A casa sua (a casa di sua madre) Reira aveva scacciato via Mari-chan, gridandole dietro qualcosa di cui non ricordava di preciso le parole esatte. Di sicuro aveva detto di chiamare Takumi.
Naoki era ora qui, con una tazza di caffè fumante in mano e gli occhi velati di lacrime.
“Mi dispiace… io… non… sai, non so che dire.”
Face un sorriso timido, chiaramente imbarazzato da quella mancanza di spirito.
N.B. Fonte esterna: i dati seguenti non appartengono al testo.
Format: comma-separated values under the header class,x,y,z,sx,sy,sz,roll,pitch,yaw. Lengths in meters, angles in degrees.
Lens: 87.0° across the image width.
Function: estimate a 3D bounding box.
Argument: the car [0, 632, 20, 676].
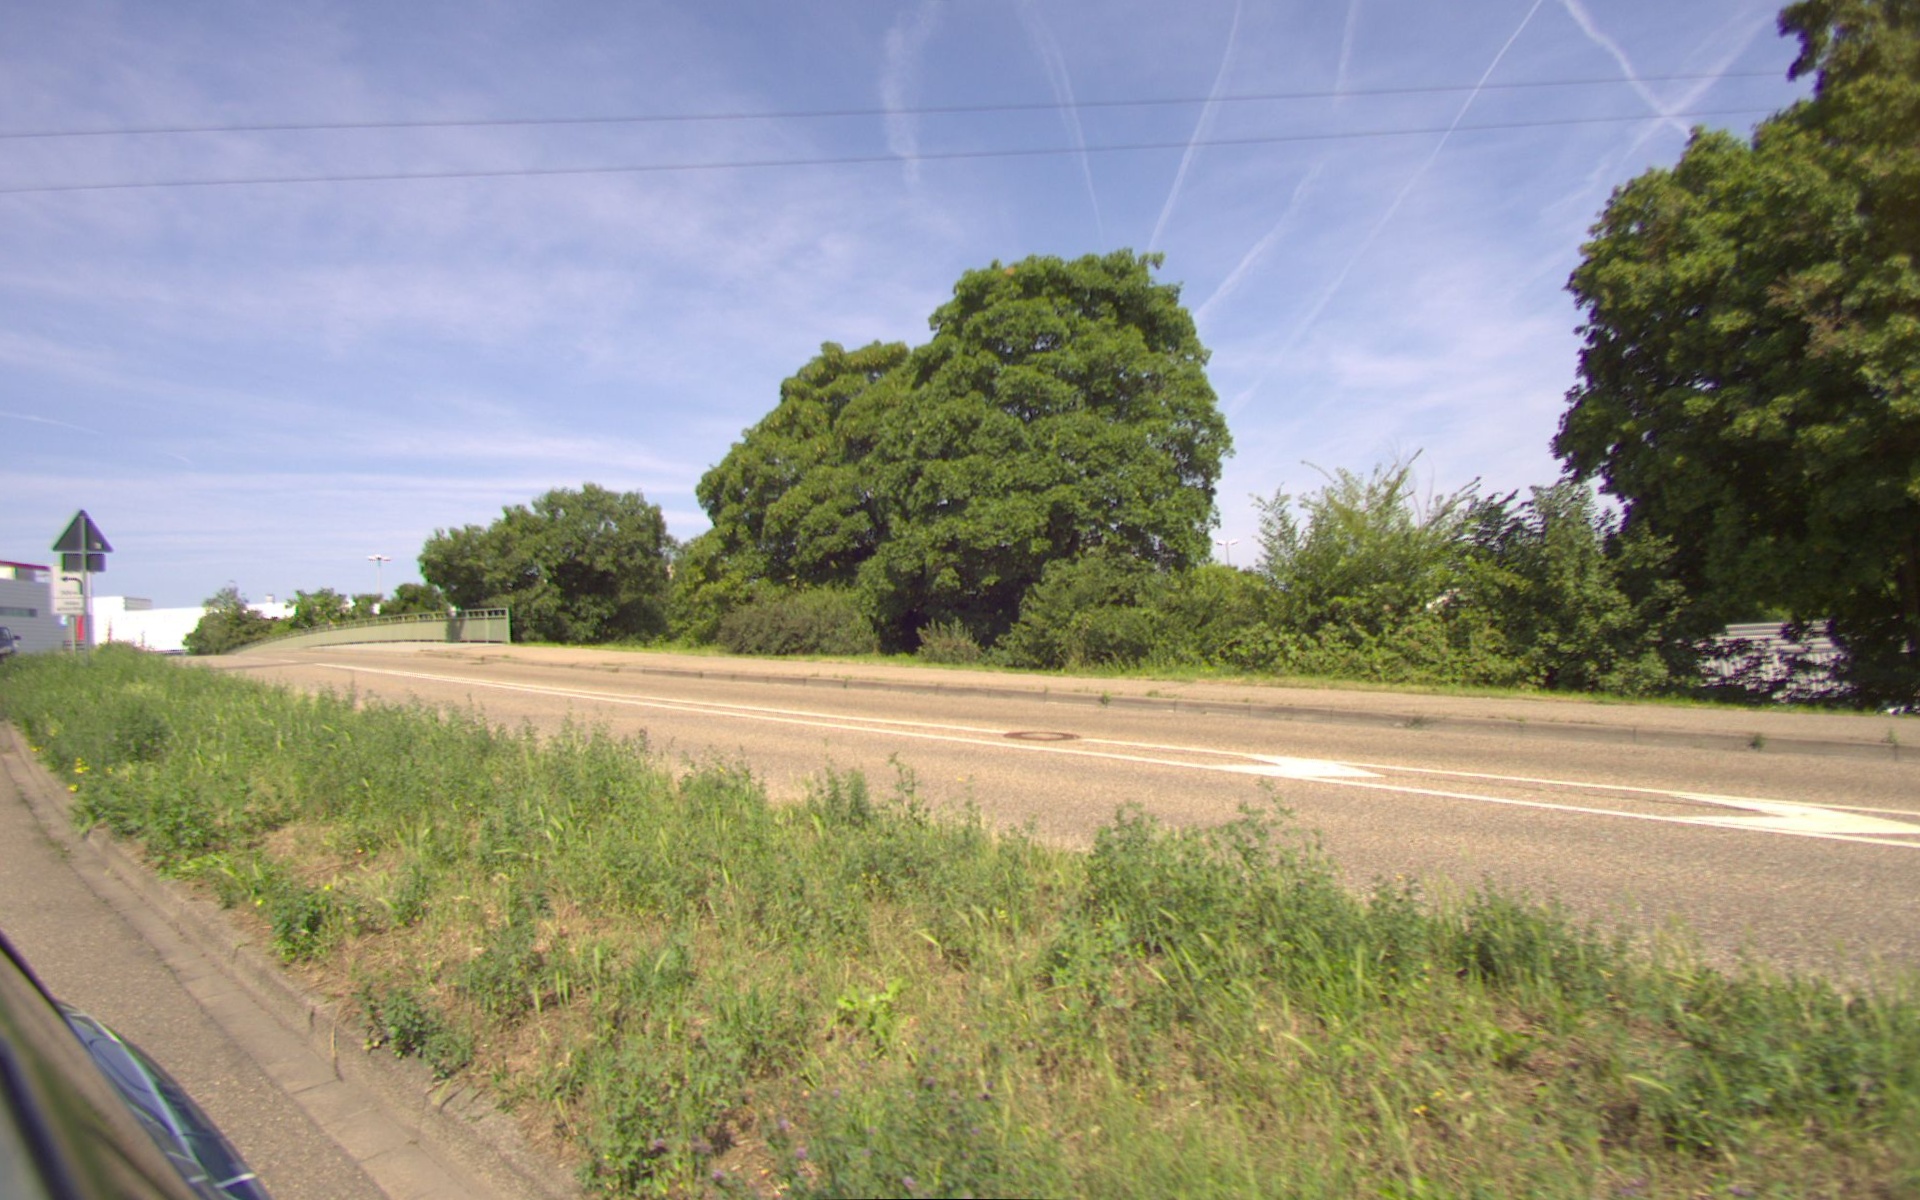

Fu di fronte all’espressione perplessa di Naoki che Reira scoppiò a piangere, singhiozzi forti da bambina orfana. Naoki le diede dei colpetti incoraggianti sulla spalla, cercando delle parole che non riusciva a trovare, e si unì a lei in un pianto silenzioso, abbracciandola perché quel dolore era troppo forte per lei. Non sapeva cosa altro fare.
Quando si staccarono, il caffè nelle tazze era tiepido al punto giusto.